I’m not usually a big preparer of “copycat” meals, because in my experience, they’re never quite as good as the original. That said, I’ve had this one in my files for a while now, and I figured that I should give it a try. Why this one? Well, there was nothing scary involved (Why do so many copycat recipes include canned “cream of somethings” soups?), it’s ridiculously simple, and the Number One reason: I was pretty sure that even if it didn’t taste like the original, it would be tasty enough because I liked everything involved.
Do these taste JUST like the world-renowned, fabulous lettuce wraps you get at your local mall’s P.F. Chang’s? Not exactly, but they’re really close, and they’re pretty darn good. Plus, they make for a fantastic, quick and light summer meal. We had our lettuce wraps for dinner alongside some fruit salad and we were good to go!
I started by prepping my veggies and measuring out my ingredients. Once you start cooking, everything comes together speedy quick, so it helps to have it all ready to go. I diced up some onion and minced some garlic, rough chopped up some water chestnuts, and sliced through a few green onions.
I also measured out some Hoisin sauce, soy sauce, rice vinegar, ginger (I used the refrigerated paste), and Sriracha sauce, and mixed it together in a small bowl.
Once that was cooked and crumbled, I drained the excess liquid, and then added in the Hoisin sauce mixture, along with my garlic and onion.

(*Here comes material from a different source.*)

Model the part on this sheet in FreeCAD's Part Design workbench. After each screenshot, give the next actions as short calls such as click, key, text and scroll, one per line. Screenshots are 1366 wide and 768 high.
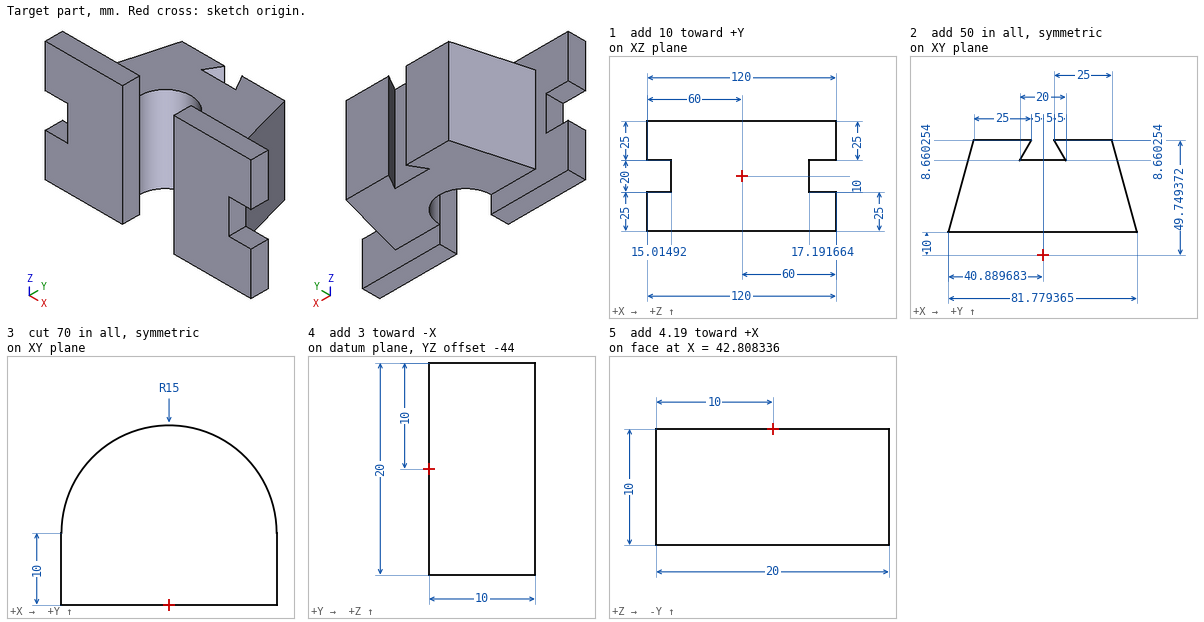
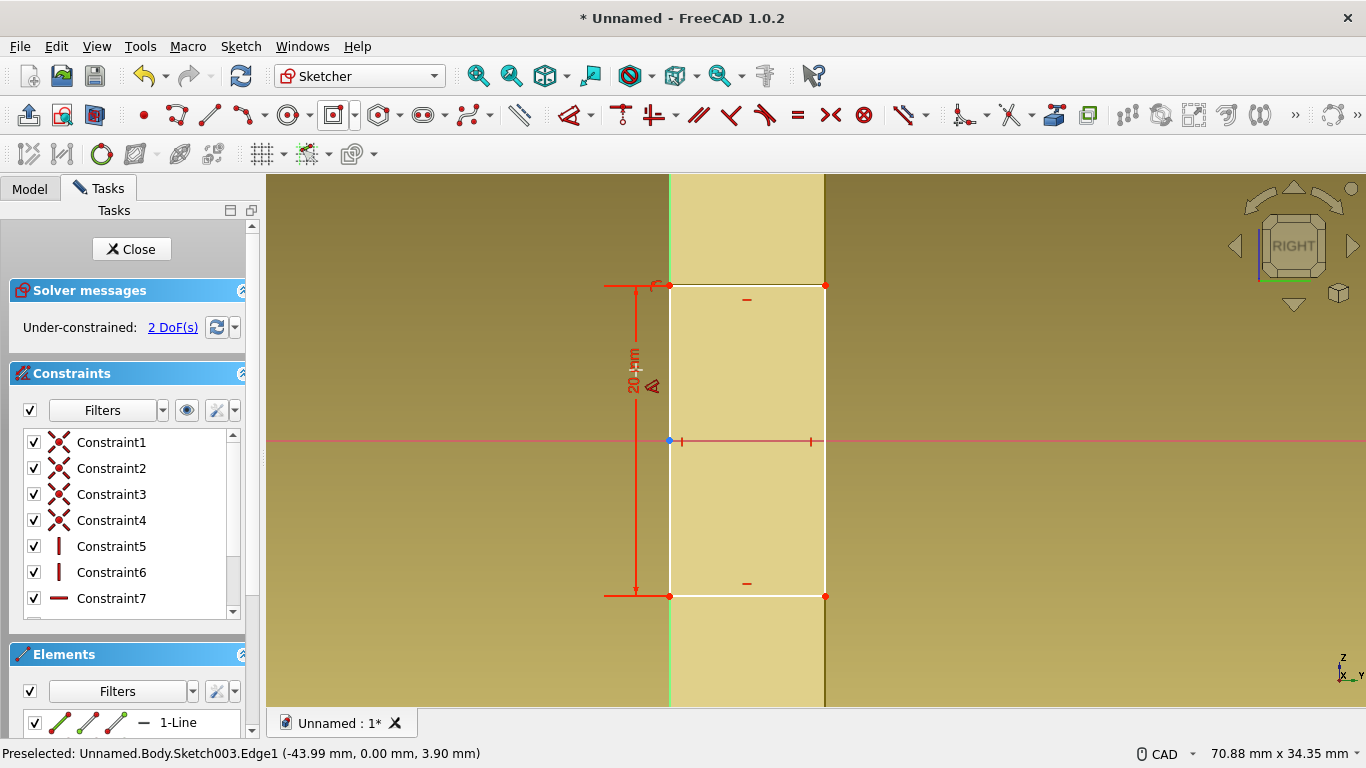
click(716, 596)
click(747, 630)
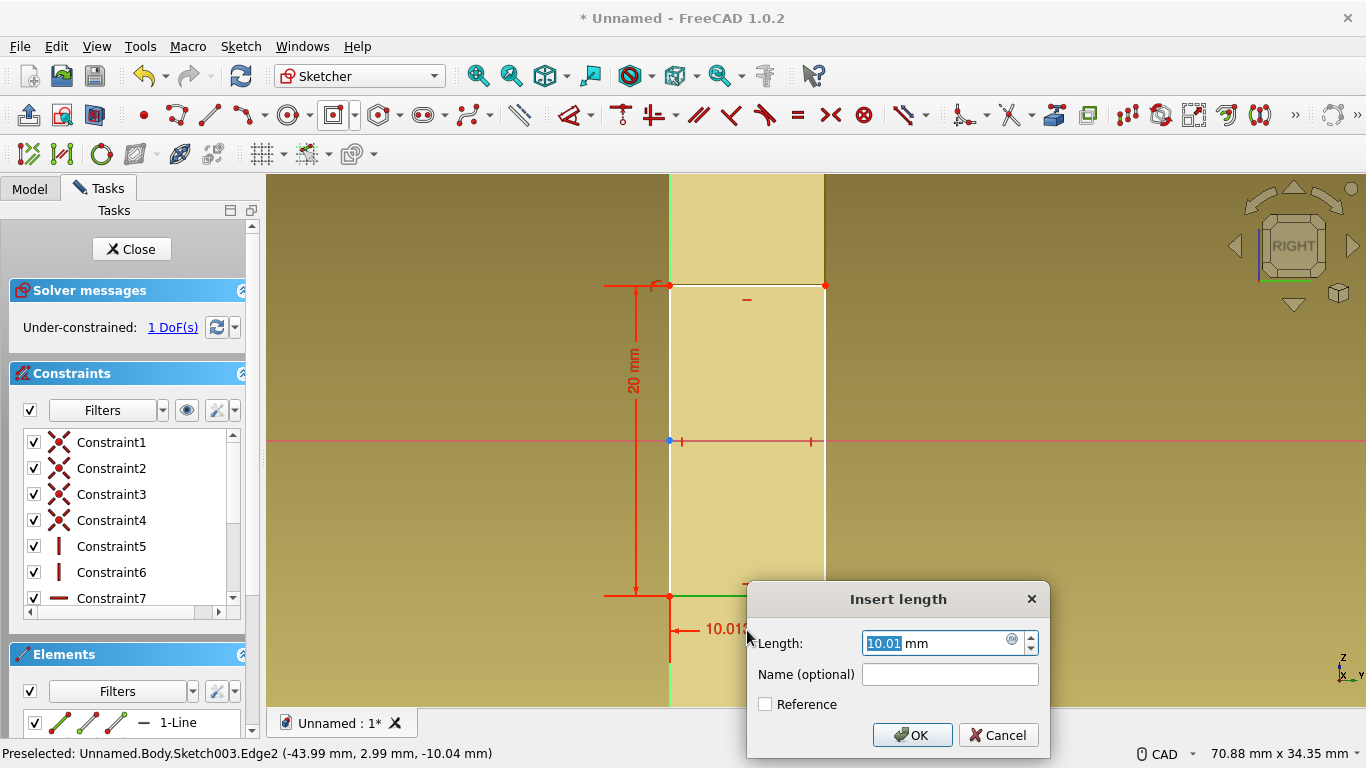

I stirred the mixture, and made sure everything was well coated, and then let the chicken cook in the sauce until the onions and garlic were softened, just a few minutes.
Next comes the magic. Well, not magic so much as what I think absolutely makes P.F. Chang’s lettuce wraps so great…the water chestnuts, and my sliced green onions.

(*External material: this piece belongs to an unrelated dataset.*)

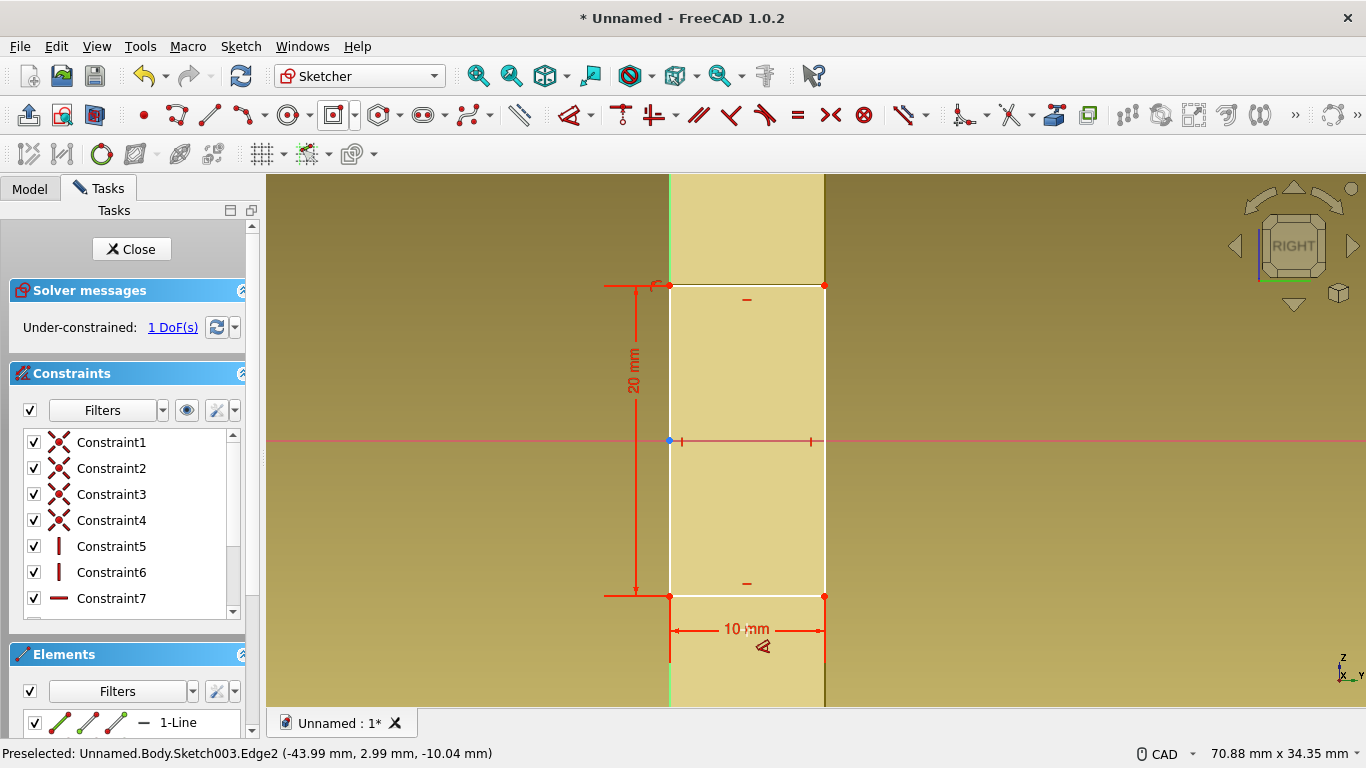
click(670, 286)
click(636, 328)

I stirred the water chestnuts and onions into the chicken mixture, and let it all come together for about two more minutes, and then we were ready to build our lettuce wraps!
It’s that simple.
P.F. Chang’s always uses super crisp iceberg lettuce, but I used butter lettuce. It still has a really nice bite, and those perfect little leaves are just begging to be stuffed.

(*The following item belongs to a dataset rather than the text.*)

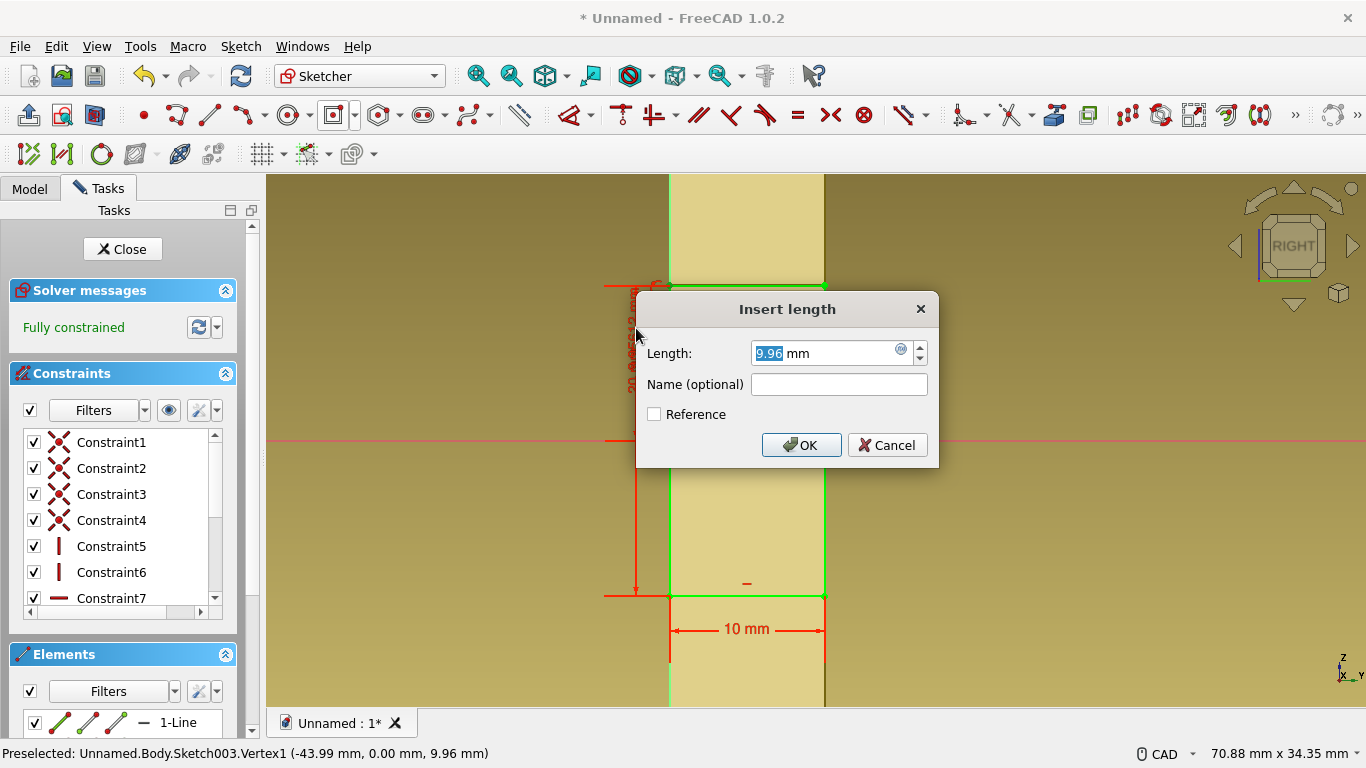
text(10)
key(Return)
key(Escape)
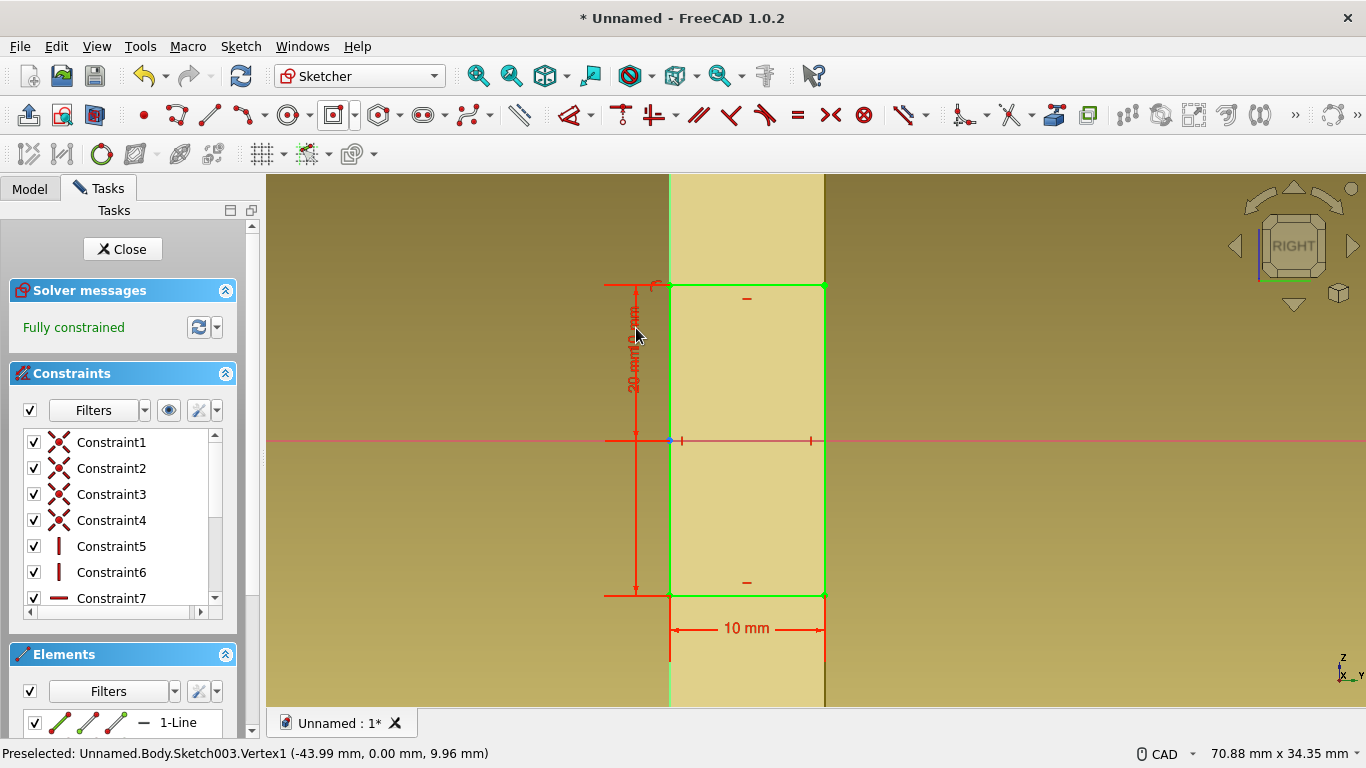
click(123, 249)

I piled in the chicken mixture, and then drizzled on just a little more Sriracha for good measure. After all, I didn’t have a P.F. Chang’s server there to whip up their table-made dipping sauce!
They were delicious, and so easy. They have that sweet, tangy, crunchy, cool thing going on, just like the real thing. We’ll be having them again for sure! Now, if I could just get the rest of their menu down pat, I’d be all set.
Adapted from DamnDelicious.net
- 1 Tbsp. olive oil
- 1 lb. ground chicken
- 3 cloves garlic, minced
- 1 small onion, diced
- 1/4 cup Hoisin sauce
- 2 Tbsp. soy sauce
- 1 Tbsp. rice wine vinegar
- 1 Tbsp. freshly grated ginger or refrigerated ginger paste
- 1-2 tsp. Sriracha sauce, depending on how hot you like things
- 1 (8 oz.) can whole water chestnuts, drained and coarsely chopped
- 2-3 green onions, sliced
- 1 head of butter lettuce, leaves removed and washed
- Heat the olive oil in a large saucepan over medium-high heat. Add the ground chicken, and cook, stirring, until cooked and crumbled. Drain excess liquid.
- Add the onion, garlic, Hoisin sauce, soy sauce, rice wine vinegar, ginger, Sriracha to the chicken. Stir until well combined, and cook until the onions are translucent, about 2-3 minutes.
- Stir in the chopped water chestnuts and green onions, and allow to cook for 2 more minutes.
- Season with salt and pepper, and serve the mixture scooped into the lettuce leaves, with extra Sriracha if desired.